Methods: : Pointing dominance was measured using a two-handed technique to avoid bias and was classified as strong, weak or non-dominance based upon the measured misalignment. Motor dominance was ascertained via questionnaire. The analysis covers elite (European Tour) and sub-elite (European Challenge Tour and club pro) golfers (n = 17), elite (County) and sub-elite (Youth Academy) cricketers (n = 30) and a control group of people involved at most in sport at the recreational level (n = 49).

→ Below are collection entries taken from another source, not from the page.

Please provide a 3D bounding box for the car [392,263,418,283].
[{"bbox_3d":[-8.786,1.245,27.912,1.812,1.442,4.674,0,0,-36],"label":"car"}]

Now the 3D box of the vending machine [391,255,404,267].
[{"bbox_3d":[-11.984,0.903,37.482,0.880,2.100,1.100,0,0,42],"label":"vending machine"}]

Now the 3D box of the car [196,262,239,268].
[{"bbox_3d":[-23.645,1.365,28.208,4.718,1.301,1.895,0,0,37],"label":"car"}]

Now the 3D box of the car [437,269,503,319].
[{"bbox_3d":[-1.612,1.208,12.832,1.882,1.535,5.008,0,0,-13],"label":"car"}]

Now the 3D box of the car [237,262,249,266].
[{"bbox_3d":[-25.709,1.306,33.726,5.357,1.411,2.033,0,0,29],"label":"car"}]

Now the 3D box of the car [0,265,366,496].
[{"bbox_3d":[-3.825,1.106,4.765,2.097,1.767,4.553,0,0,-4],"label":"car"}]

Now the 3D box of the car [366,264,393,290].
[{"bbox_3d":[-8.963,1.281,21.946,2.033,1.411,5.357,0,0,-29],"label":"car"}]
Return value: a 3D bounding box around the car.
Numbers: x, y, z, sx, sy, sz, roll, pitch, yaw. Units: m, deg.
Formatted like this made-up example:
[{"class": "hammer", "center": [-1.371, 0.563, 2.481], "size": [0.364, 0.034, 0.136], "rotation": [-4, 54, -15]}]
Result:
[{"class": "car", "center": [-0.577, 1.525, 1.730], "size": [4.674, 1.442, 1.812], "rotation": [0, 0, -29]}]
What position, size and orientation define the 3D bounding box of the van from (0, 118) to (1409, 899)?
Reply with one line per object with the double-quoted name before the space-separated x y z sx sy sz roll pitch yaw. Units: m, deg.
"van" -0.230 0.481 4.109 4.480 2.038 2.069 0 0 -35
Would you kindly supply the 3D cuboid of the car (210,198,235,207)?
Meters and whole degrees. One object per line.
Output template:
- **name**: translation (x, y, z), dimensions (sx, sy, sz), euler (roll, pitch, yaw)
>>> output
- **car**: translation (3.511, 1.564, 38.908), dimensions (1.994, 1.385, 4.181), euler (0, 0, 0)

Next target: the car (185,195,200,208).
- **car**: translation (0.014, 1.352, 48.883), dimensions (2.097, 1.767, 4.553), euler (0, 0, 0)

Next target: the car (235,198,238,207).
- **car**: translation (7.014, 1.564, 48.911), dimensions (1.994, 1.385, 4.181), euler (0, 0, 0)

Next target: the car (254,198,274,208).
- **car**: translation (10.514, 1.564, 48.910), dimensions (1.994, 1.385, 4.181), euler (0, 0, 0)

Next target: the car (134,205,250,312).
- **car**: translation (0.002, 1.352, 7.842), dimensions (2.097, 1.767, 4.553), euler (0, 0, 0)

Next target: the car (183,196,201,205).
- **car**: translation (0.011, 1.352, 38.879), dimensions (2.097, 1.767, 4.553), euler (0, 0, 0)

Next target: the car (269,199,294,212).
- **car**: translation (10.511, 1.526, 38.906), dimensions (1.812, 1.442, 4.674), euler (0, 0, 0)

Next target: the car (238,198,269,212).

Results: : The findings revealed that: i. 80-100% of participants in the various groups were right handed; ii. Ocular dominance was different in the three groups: absence or weak dominance was more prevalent in cricketers than in the control (46.7% vs. 26.5%, p=0.012) and strong dominance trended to be more prevalent in golfers (94.1% vs. 73.5%, p=0.054); iii. Strong ocular dominance prevalence was similar for R & L eyes in golfers (R:52.9%, L:41.2%) and controls (R:36.7%, L:36.7%) but strongly biased to the right in cricketers (R:40.0%, L:13.3%); iv. The prevalence of ipsilateral ocular vs. motor dominance was significantly lower in cricketers than either control (26.7% vs. 40.8%, p=0.041) or golfers (52.9%); v. Amongst golfers ocular dominance changes significantly (p<0.001) between primary gaze position (representing ball alignment with the aim line) and putting gaze position (representing alignment of the club with the ball). In the putting position there is a significant decrease in strong ocular dominance and individual players putting gaze dominance cannot be determined from primary measurements.

Conclusions: : The findings revealed significant differences in ocular dominance between the general population and some elite athletes, which are hypothesised to be associated with the specific sport demands.